Tight $L_\infty$ Sample Complexity for Low-Degree and Sparse Boolean Polynomials
van Doornmalen, Jasper, Molina, Mathieu, Verdugo, Victor, Verschae, José
Motivated by the optimization of bounded binary black-box functions, we study the problem of learning polynomial surrogates over the Boolean hypercube. To ensure that optimizing the surrogate yields good solutions for the underlying objective, we require uniform $L_\infty$-error guarantees rather than the usual $L_2$-type guarantees.
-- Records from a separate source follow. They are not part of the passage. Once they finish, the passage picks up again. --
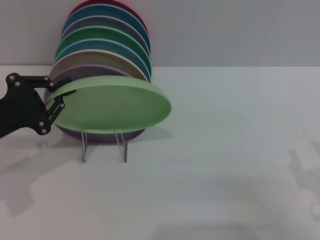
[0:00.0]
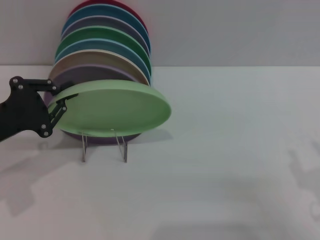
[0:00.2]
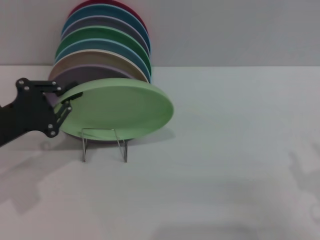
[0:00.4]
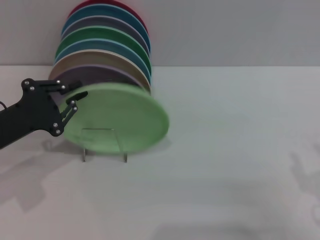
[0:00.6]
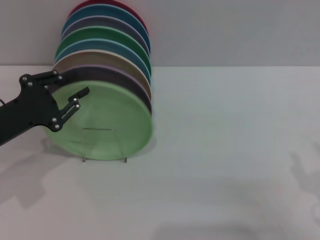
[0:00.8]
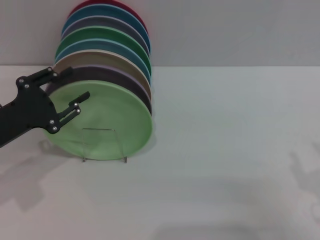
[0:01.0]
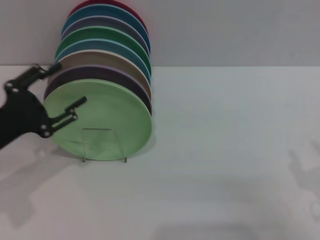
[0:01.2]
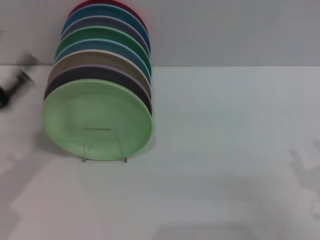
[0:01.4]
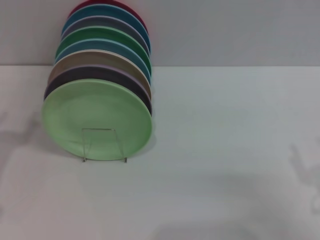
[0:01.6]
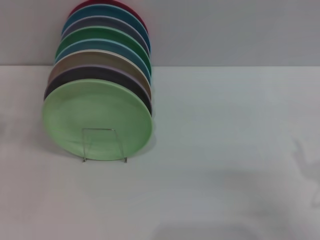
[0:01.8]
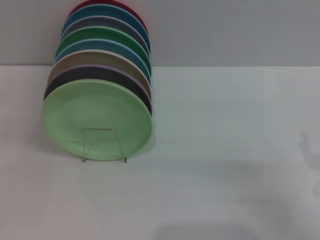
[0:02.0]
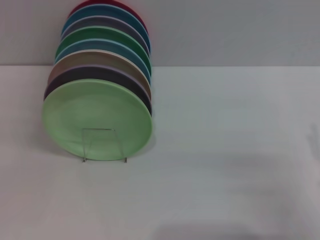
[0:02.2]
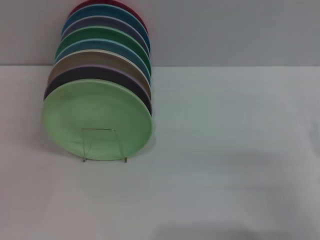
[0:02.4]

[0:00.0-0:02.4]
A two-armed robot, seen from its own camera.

We characterize the minimax sample complexity of uniform estimation under subgaussian noise for two classes of bounded polynomials. First, for polynomials of degree at most $d$ on $n$ variables, the sample complexity scales as $n^{d+1}$. Second, for $s$-sparse Fourier-Walsh polynomials with $s \leq n$, it scales as $ns^2$. These rates differ structurally from the noiseless setting, where uniform exact recovery scales as $n^d$ and $ns$, respectively. Our lower bounds hold even for arbitrary adaptive learners, showing that the additional factors are intrinsic to the noisy cases. Standard Fourier-analysis tools for the $L_2$-norm do not naturally extend to the $L_\infty$-setting in a way that yields uniform guarantees. Our proofs overcome this difficulty by relying on suitably chosen auxiliary norms that serve as proxies for controlling the $L_\infty$-error. Together, our results provide a tight characterization of the sample complexity of learning optimization-safe polynomial surrogates.